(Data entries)

• • • • •

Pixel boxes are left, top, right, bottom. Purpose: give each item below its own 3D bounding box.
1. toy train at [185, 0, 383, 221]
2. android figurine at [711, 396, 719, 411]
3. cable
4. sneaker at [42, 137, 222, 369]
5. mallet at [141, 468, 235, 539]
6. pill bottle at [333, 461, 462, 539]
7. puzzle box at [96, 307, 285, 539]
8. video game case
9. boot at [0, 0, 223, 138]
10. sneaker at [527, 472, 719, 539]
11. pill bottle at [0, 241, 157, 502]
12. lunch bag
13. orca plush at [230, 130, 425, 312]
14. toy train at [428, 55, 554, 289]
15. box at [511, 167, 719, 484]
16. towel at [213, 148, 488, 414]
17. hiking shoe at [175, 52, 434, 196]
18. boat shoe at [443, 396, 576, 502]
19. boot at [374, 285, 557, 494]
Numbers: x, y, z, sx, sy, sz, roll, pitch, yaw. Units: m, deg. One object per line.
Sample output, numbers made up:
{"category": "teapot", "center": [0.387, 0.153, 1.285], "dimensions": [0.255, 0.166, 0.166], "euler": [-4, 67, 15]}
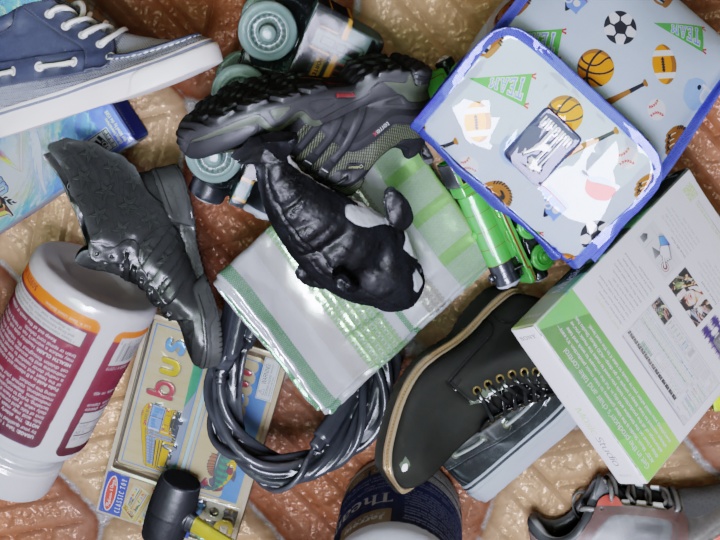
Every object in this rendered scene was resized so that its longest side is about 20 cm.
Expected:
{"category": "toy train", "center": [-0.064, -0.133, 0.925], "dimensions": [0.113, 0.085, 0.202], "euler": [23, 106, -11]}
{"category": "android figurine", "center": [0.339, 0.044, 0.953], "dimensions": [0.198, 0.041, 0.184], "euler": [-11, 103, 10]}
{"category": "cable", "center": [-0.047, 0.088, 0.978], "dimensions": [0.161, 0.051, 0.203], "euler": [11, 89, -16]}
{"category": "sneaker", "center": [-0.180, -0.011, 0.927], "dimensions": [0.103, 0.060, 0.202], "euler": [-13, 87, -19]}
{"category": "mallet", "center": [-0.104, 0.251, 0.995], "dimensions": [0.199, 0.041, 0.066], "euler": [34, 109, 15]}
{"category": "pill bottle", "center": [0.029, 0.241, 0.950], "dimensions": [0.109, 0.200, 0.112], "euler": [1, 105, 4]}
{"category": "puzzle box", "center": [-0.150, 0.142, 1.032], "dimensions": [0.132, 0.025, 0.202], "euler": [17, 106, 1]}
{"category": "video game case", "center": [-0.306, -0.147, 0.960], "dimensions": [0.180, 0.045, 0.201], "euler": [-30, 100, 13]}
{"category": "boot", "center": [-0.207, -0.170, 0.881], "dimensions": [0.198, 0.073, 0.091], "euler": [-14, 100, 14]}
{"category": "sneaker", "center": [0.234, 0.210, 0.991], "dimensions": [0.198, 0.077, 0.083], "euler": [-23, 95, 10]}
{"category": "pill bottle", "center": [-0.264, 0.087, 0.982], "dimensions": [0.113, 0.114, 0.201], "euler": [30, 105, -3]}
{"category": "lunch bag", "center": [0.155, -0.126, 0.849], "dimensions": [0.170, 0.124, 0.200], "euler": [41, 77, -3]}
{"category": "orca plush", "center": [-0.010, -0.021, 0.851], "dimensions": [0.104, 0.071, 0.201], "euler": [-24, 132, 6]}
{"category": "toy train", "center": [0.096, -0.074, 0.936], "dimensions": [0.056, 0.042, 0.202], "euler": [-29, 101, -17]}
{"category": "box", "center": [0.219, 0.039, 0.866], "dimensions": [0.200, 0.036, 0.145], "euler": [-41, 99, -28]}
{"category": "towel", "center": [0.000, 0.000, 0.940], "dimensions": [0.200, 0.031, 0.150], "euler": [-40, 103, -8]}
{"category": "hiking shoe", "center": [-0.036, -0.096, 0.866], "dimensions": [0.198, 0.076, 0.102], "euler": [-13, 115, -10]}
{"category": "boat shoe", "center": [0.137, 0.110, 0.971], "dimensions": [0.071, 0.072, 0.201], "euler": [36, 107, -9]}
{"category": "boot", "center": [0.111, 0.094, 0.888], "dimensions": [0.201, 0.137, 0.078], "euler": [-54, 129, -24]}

• • • • •

YOUR INSTRUCTIONS
Reproduce the lines of the entries above from the one with "1. toy train at [185, 0, 383, 221]" to the one with "19. boot at [374, 285, 557, 494]", both included, exactly and without any other line.

REPLY
1. toy train at [185, 0, 383, 221]
2. android figurine at [711, 396, 719, 411]
3. cable
4. sneaker at [42, 137, 222, 369]
5. mallet at [141, 468, 235, 539]
6. pill bottle at [333, 461, 462, 539]
7. puzzle box at [96, 307, 285, 539]
8. video game case
9. boot at [0, 0, 223, 138]
10. sneaker at [527, 472, 719, 539]
11. pill bottle at [0, 241, 157, 502]
12. lunch bag
13. orca plush at [230, 130, 425, 312]
14. toy train at [428, 55, 554, 289]
15. box at [511, 167, 719, 484]
16. towel at [213, 148, 488, 414]
17. hiking shoe at [175, 52, 434, 196]
18. boat shoe at [443, 396, 576, 502]
19. boot at [374, 285, 557, 494]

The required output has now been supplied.